That way is possible to keep track of thousands of books in memory without too much trouble. The file is dumped to a json file on each change, but that's just because it is needed for the "search on calibre metadata" function. If we didn't need that I guess that any binary format would be faster.

pazos avatar Jan 03 '21 20:01 pazos

Yeah, if I do this, probably the only extra metadata I'd keep would be the Calibre UUID and maybe last modified date/time, as those are what's sent with the "book count" list.

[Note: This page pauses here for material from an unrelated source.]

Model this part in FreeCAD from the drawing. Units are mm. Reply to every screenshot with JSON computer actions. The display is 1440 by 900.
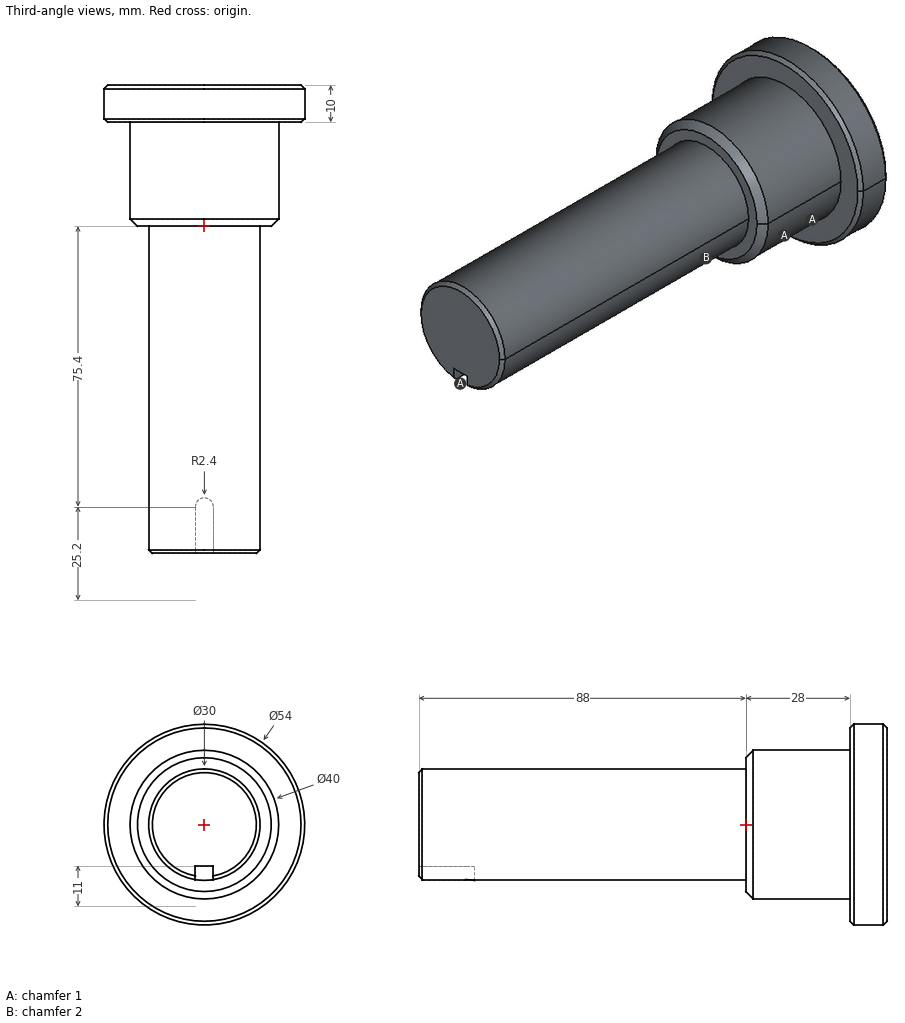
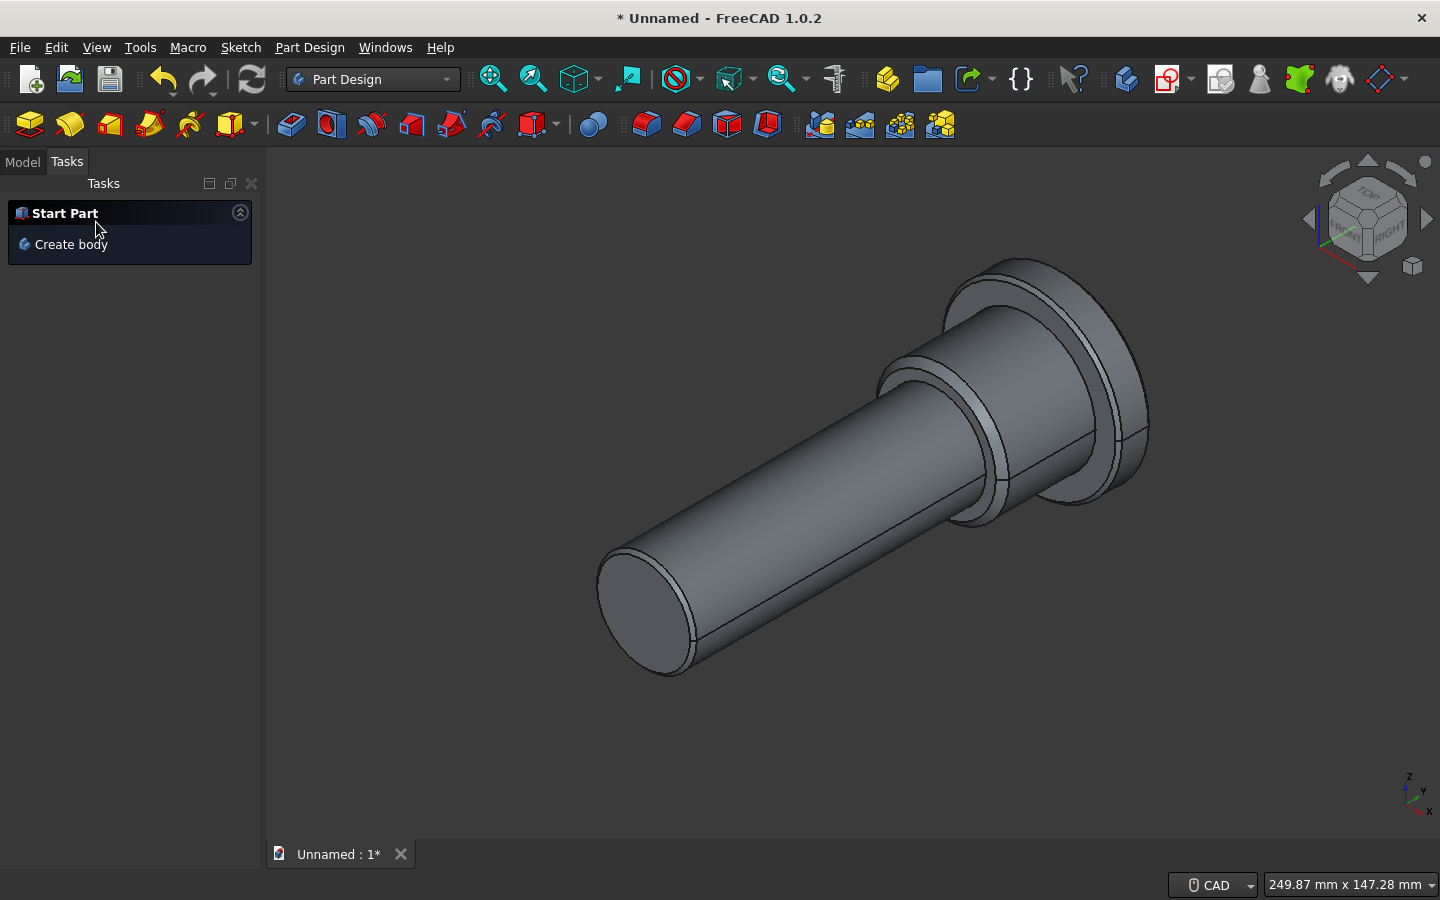
{"action": "left_click", "coordinate": [23, 161]}

shermp avatar Jan 03 '21 20:01 shermp

I'm not totally familiar with how the metadata code works or when the file is manipulated, but you could try using a streaming JSON parser and keeping an index in the JSON for read operations (maybe with a caching layer if you read the same thing often), then making an in-memory log of pending updates and write them all at once. Alternatively, a database mirroring the Calibre metadata file and kept in sync with it (regenerating the Calibre metadata file when needed) would be another option, but I would probably avoid this unless absolutely necessary due to the possible race conditions and bugs.

pgaskin avatar Jan 03 '21 20:01 pgaskin

There are actually very few times when the full metadata is actually used. The JSON indexing idea is definitely something I've been thinking about. Do you know of a streaming decoder that can do this? I don't think it can be done with encoding/json.

shermp avatar Jan 03 '21 20:01 shermp

There are actually very few times when the full metadata is actually used. The JSON indexing idea is definitely something I've been thinking about. Do you know of a streaming decoder that can do this? I don't think it can be done with encoding/json.

Doh, helps to RTFM.

Decoder.InputOffset looks to be what I need to build an index.

shermp avatar Jan 03 '21 21:01 shermp